Le vieux Danemark a donc tressailli au contact de la vie moderne ; Voltaire et Rousseau ont aussi pénétré là grâce au travail que nous venons de signaler. Dès qu’il s’agit en effet du XVIIIe siècle, le premier nom qui vous monte aux lèvres, c’est Voltaire, le second Rousseau, et ces deux noms représentent, résument si bien le siècle dans son ensemble que, lorsque nous voulons réagir contre l’un, nous nous servons de l’autre, de telle sorte que dans l’action comme dans la réaction c’est toujours le XVIIIe siècle qui nous pénètre de son atmosphère. De Rousseau procèdent tous les grands courans littéraires qui depuis quatre-vingts ans fécondent l’Europe. Combien de noms se rattachent à celui-là ! En Allemagne, Herder, Kant, Fichte, Goethe, Jean-Paul, Schiller ; en Angleterre, Byron, un nom qui en vaut cinquante ; en France, Diderot d’abord, puis Chateaubriand, Benjamin Constant, Mme de Staël et George Sand. Tandis que Voltaire agit davantage sur la généralité, Rousseau attire à lui les talens, émeut les écrivains.
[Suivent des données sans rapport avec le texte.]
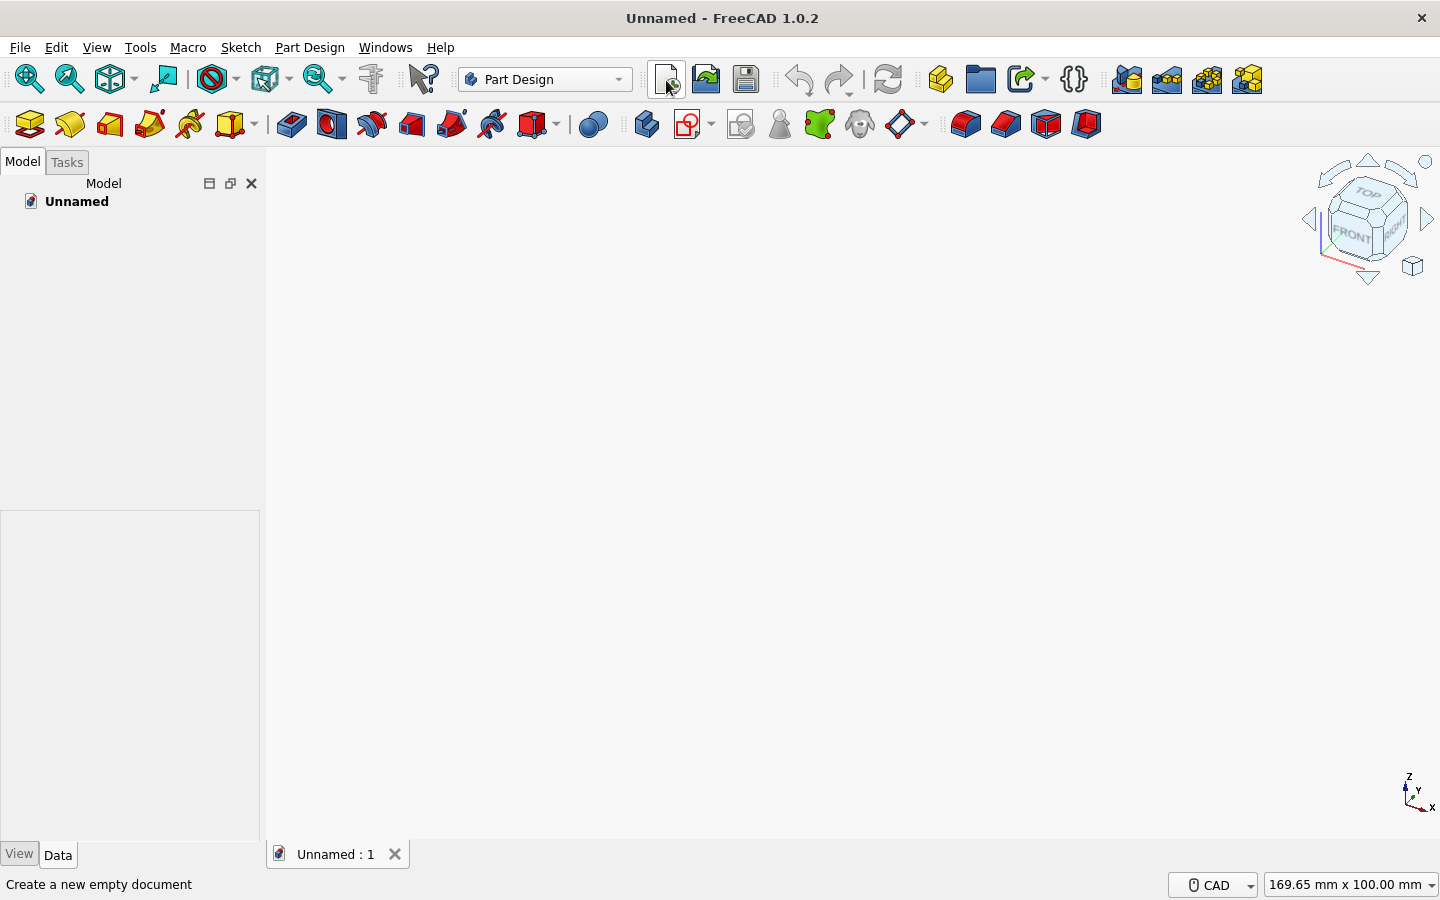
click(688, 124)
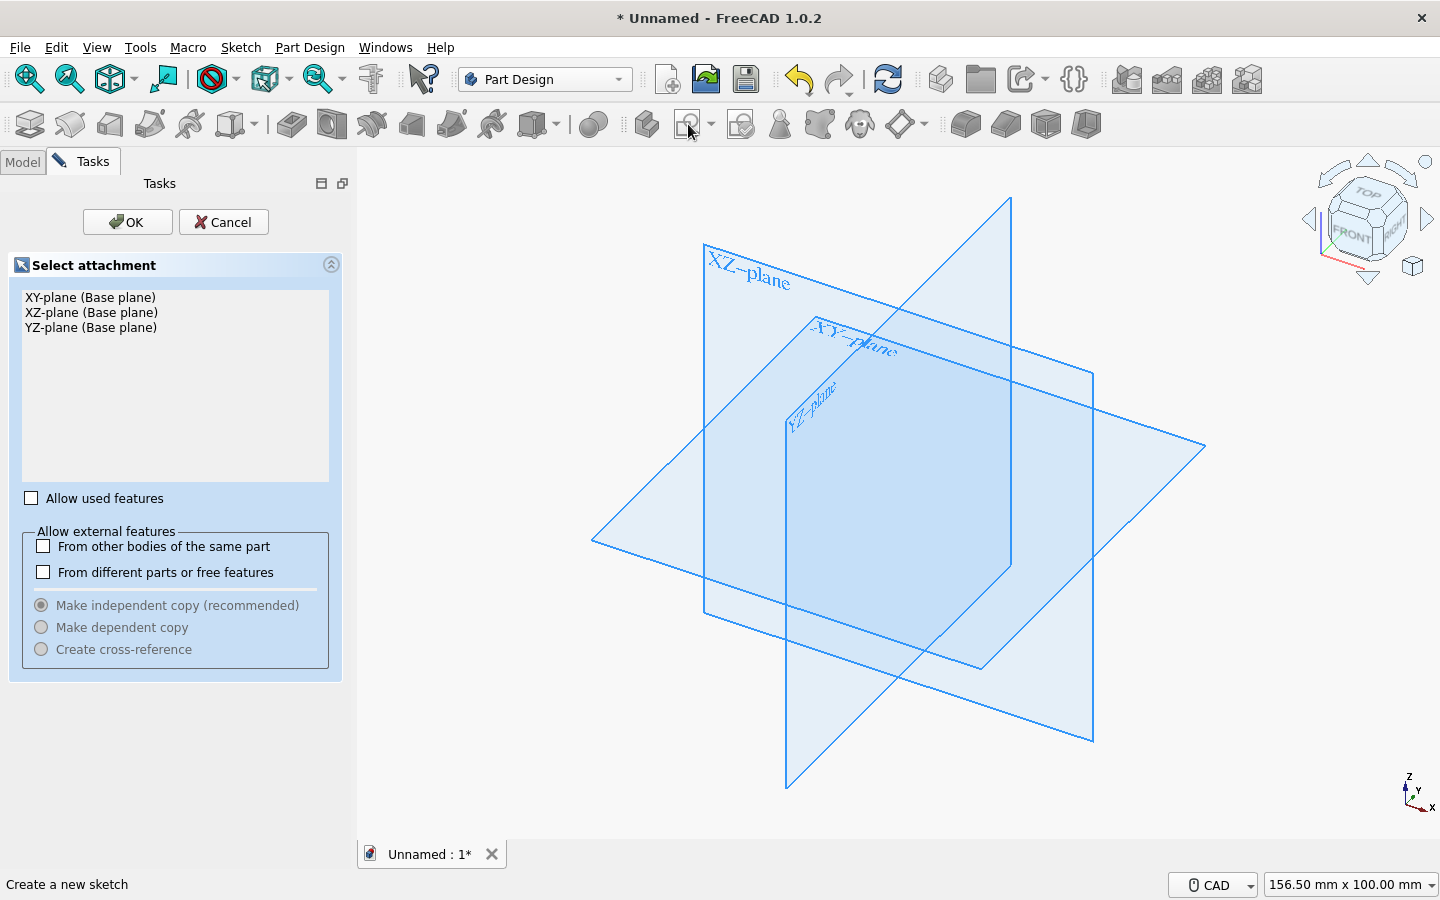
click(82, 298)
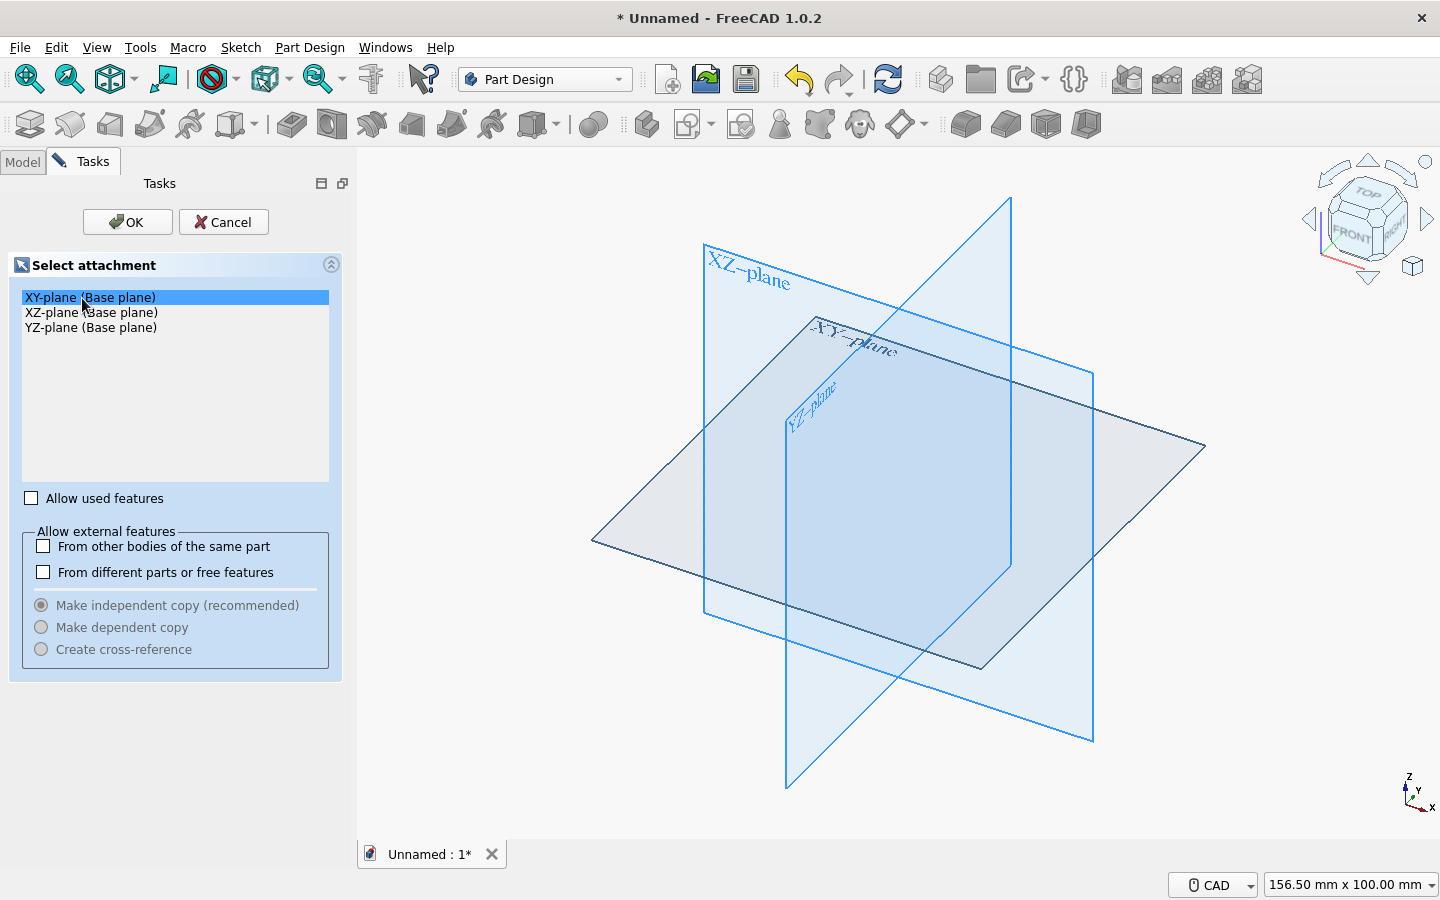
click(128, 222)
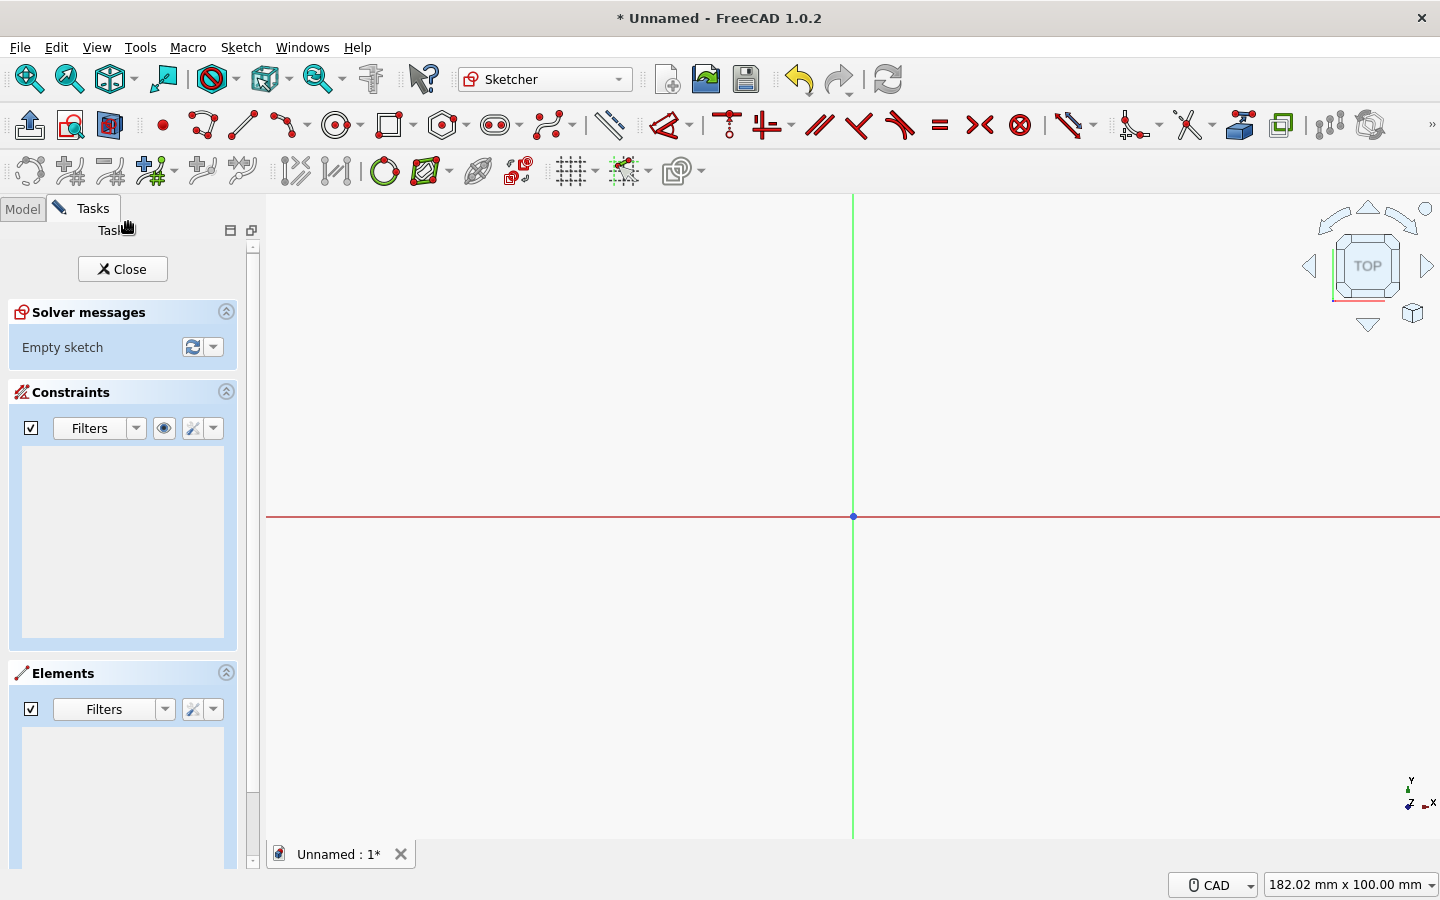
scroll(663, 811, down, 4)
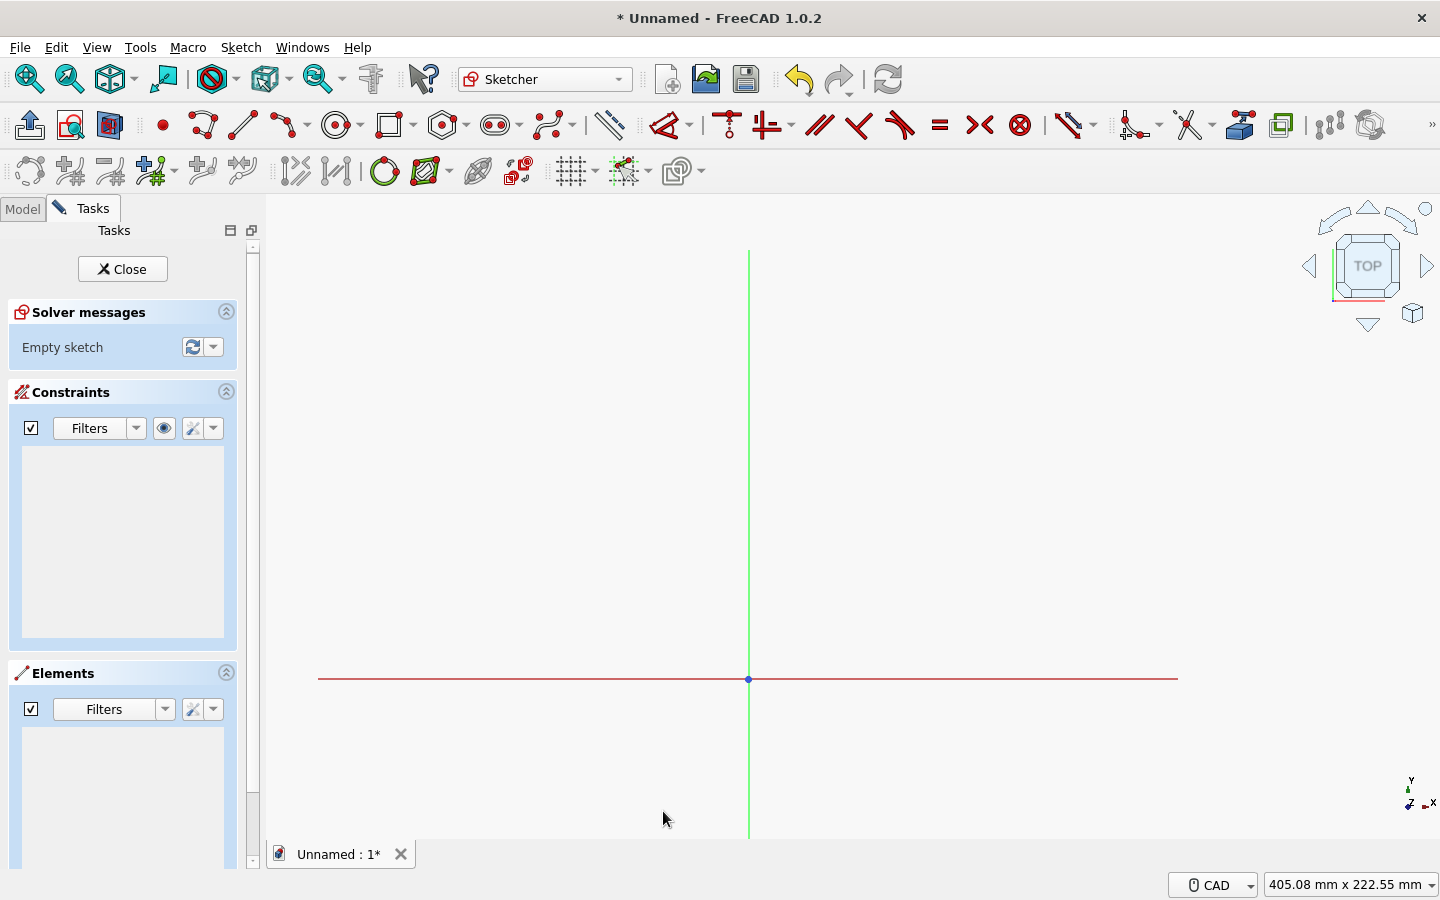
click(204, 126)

Comme Aristote et Platon, ils règnent à tour de rôle sur la postérité ; tantôt c’est l’un qui tient le sceptre, et tantôt c’est l’autre. A l’entrée du siècle par exemple, Rousseau prédomine ; mais voici que vers 1848 un coup de main de l’École normale nous ramène Voltaire, dont l’influence reprend et se continue

  1. Des moyens de gouvernement et d’opposition dans l’état actuel de la France, par M. Guizot, 1821.